Вечером в этот же день были три сходки, на которых толковали о внезапном аресте Сергея Богатырева и всячески допытывались, кто бы мог донесть о богатыревской сходке.
— Из наших никто; за это можно ручаться головою! — кричали несколько молодых голосов.
— Так кто же? Кто? Нужно знать доносчика.
Кто-то громче других произнес имя Райнера.
— А в самом деле, кто он? Кто этот Райнер?
— Что он?
— Зачем он здесь?
— Зачем он на сходках?
Ни на один этот вопрос никто не умел дать ответа.
— Кто ввел его?
— Доктор Розанов, —
— А что такое сам Розанов?
— Он знакомый маркизы, его многие знают.
— Вытребовать Розанова, вытребовать Розанова! — закричало несколько голосов.
— И судить его.
— За что судить? Пусть объяснится.
— Где ж собираться?
— У маркиза, послезавтра, у маркиза.
— А завтра там?
— Ну да, только одни свои.
Завтра уже во всех либеральных кружках Москвы заговорили о бывшей у Богатыревых сходке и о последовавшем затем внезапном аресте молодого Богатырева.
Не очень чуткое ухо могло легко слышать, как при этих рассказах вполголоса поминалось имя Райнера.
Содержание этих полголосных рассказов, вероятно, было довольно замысловато, потому что доктор, услыхав один такой разговор, прямо объявил, что кто позволяет себе распускать такие слухи, тот человек нечестный.
Теперь доктор догадывался, каких от него потребуют объяснений, и собирался говорить круто и узловато.
А в эту ночь была еще сходка, после которой, перед утром дня, назначенного для допроса Розанова, было арестовано несколько студентов.
Из этих арестантов уже ни один не соскочил с полицейских дрожек и не уехал на вольных в свою Богатыревку.
Новые трепетания не успокаивались.

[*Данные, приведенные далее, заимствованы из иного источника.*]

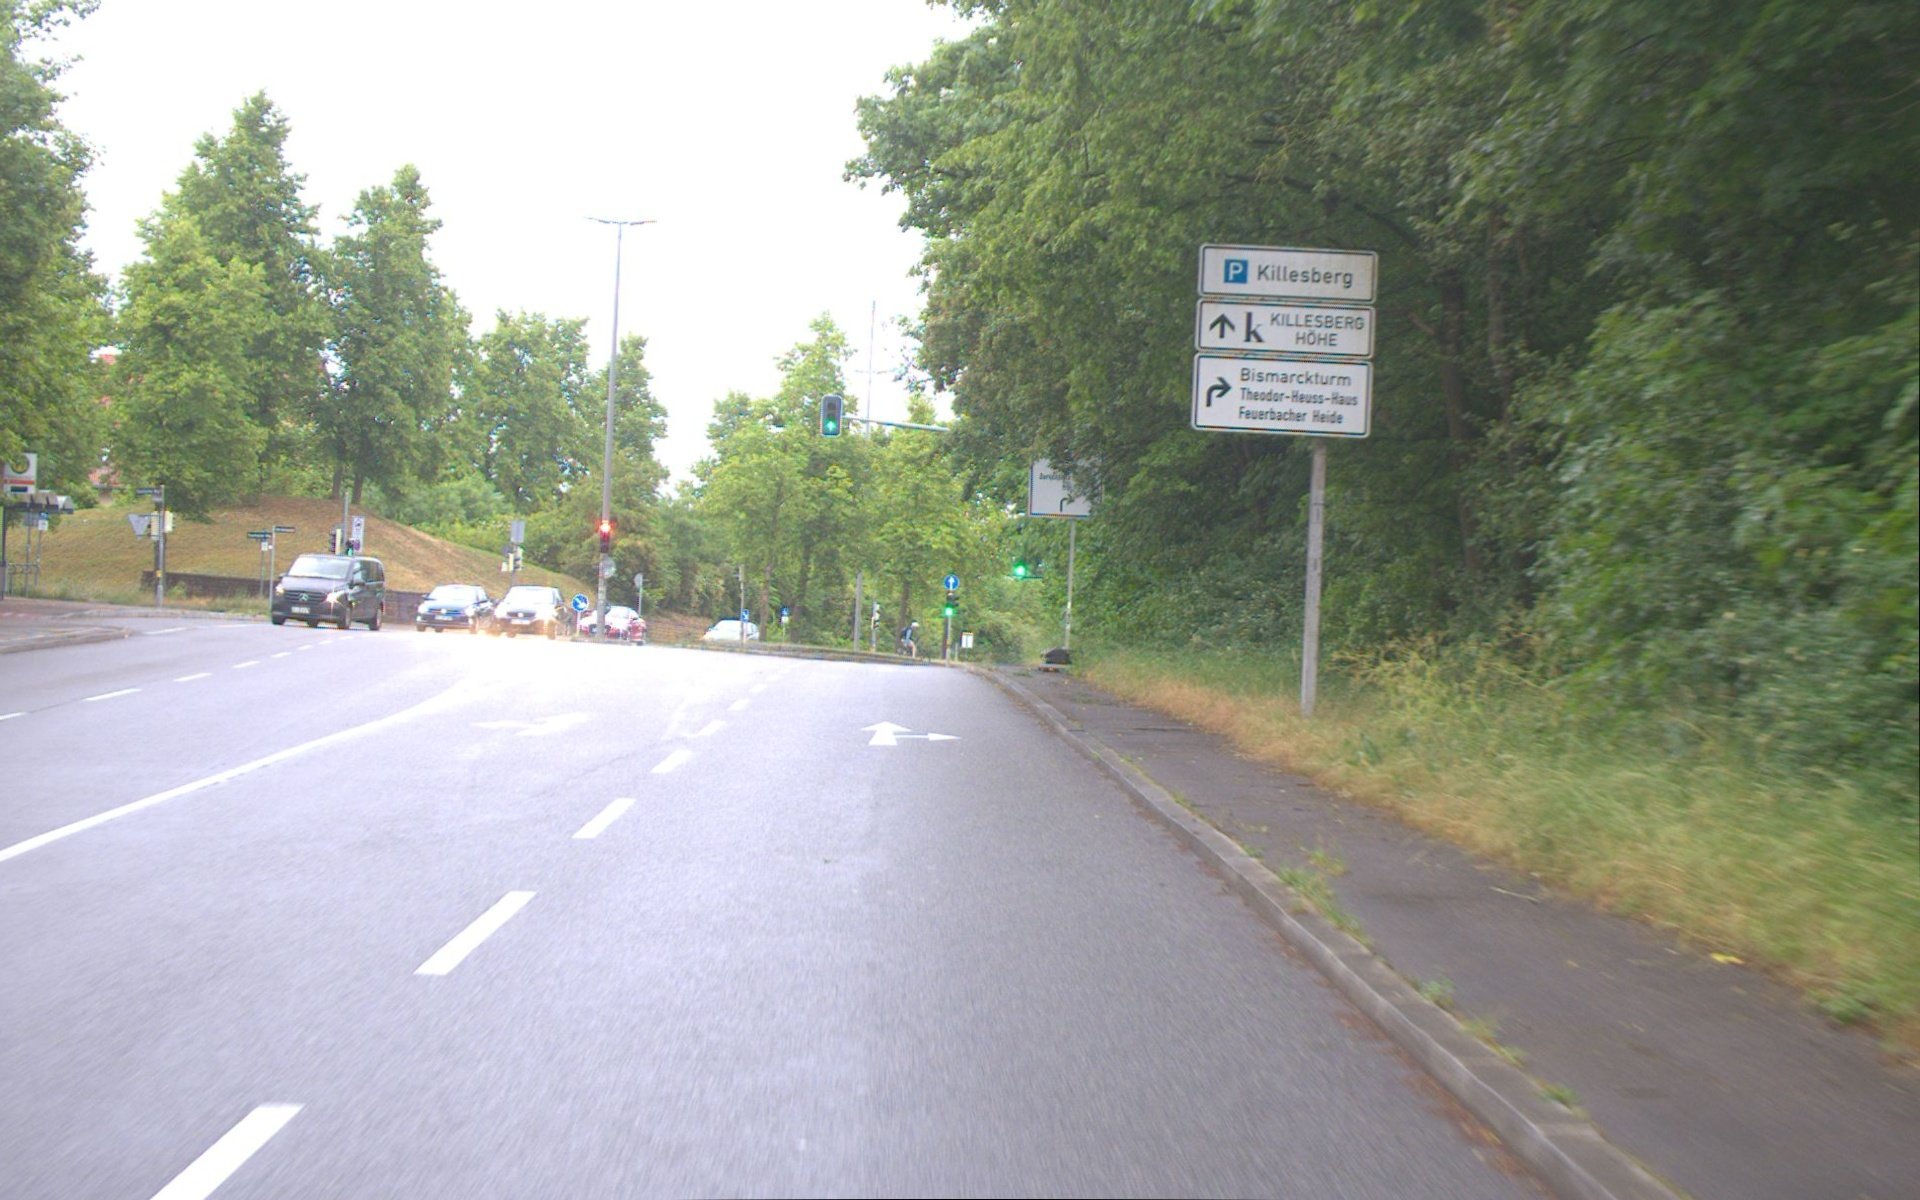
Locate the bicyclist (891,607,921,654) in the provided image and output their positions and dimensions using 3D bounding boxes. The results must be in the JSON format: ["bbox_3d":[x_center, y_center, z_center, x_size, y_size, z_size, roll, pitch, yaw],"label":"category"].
[{"bbox_3d":[-2.103,1.203,134.337,0.799,1.746,0.725,7,-6,-43],"label":"bicyclist"}]

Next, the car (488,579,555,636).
[{"bbox_3d":[-12.010,0.198,94.253,1.700,1.422,4.079,3,0,-7],"label":"car"}]

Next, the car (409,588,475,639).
[{"bbox_3d":[-15.018,0.375,99.810,1.631,1.389,4.001,2,0,-6],"label":"car"}]

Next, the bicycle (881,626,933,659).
[{"bbox_3d":[-2.055,1.662,134.380,2.134,1.139,0.554,6,-2,-43],"label":"bicycle"}]

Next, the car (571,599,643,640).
[{"bbox_3d":[-12.726,0.704,124.139,1.875,1.369,4.384,3,0,3],"label":"car"}]

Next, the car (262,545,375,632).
[{"bbox_3d":[-16.326,-0.266,87.734,2.102,1.939,5.160,6,-1,-4],"label":"car"}]

Москва ждала скандала и чуть не дождалась его.
56
Белая горячка (лат.)
Утром одного дня Арапов вышел из своего дома с Персиянцевым, взяли извозчика и поехали ко Введению в Барашах.

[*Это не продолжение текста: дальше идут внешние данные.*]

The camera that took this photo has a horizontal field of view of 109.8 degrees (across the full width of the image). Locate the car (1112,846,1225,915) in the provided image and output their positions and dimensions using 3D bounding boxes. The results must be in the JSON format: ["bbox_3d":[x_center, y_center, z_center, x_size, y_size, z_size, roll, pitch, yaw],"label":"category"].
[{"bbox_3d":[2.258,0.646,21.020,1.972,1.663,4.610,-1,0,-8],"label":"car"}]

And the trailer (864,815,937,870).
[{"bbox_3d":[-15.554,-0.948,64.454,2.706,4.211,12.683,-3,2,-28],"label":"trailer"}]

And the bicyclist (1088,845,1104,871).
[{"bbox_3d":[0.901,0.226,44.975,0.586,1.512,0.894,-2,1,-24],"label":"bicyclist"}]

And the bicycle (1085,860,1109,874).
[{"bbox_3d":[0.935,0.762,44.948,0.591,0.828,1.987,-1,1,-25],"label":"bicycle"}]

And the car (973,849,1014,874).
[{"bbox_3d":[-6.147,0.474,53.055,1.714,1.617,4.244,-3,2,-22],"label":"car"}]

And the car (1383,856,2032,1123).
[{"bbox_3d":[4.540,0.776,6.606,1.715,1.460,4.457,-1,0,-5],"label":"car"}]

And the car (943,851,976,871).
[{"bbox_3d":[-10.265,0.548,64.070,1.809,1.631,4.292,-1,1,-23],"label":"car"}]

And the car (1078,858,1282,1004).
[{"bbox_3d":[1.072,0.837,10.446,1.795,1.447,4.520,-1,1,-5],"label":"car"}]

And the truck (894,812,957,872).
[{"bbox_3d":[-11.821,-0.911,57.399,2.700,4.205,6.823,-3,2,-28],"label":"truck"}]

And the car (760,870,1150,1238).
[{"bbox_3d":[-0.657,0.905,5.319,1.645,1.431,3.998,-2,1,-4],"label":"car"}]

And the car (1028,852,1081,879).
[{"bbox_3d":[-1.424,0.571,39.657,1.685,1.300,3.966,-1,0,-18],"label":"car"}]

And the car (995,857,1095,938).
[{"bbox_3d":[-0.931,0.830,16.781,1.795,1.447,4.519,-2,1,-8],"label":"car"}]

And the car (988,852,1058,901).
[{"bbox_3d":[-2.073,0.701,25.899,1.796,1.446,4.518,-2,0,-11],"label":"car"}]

Они остановились у нестеровского дома.
— Ступайте, — сказал Арапов, тревожно оглядываясь и подавая Персиянцеву из-под своей шинели тючок, обшитый холстом.
— А вы? — спросил Персиянцев.
— Я подожду здесь: всюду надо смотреть.
Персиянцев вошел на чистый купеческий двор и, отыскав двери с надписью «контора», поднялся по лестнице.
Посланный им артельщик возвратился с Андрияном Николаевым.
— От Розанова, — сказал Персиянцев.
— А! милости прошу, пожалуйте, — воскликнул центральный человек. — Как они, в своем здоровье?
— Ничего, — отвечал, краснея, непривычный ко лжи Персиянцев.
— Давно вы их видели?
— Вчера, — отвечал, еще более краснея, Персиянцев. — Вы получили вчера его письмо?
Получили-с, получили. А это что: товар?
— Да.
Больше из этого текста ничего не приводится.